SUPPLIED MATERIAL: Begin

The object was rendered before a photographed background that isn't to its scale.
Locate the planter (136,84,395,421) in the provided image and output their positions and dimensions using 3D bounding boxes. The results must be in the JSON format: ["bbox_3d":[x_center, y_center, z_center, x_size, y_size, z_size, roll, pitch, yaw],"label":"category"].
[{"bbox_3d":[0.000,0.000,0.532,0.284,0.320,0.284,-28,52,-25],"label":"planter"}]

SUPPLIED MATERIAL: End
SUPPLIED MATERIAL: Begin

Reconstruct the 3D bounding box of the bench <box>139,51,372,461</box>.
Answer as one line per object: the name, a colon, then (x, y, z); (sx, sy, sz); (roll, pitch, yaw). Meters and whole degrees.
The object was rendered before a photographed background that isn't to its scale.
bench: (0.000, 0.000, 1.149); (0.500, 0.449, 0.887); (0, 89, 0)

SUPPLIED MATERIAL: End

* EXERCISE INSTRUCTIONS:
Copy only this part of the entries above: the line with "Reconstruct the 3D", the line with "Answer as one", and the lines between, all exactly as written.

* WRITTEN RESPONSE:
Reconstruct the 3D bounding box of the bench <box>139,51,372,461</box>.
Answer as one line per object: the name, a colon, then (x, y, z); (sx, sy, sz); (roll, pitch, yaw). Meters and whole degrees.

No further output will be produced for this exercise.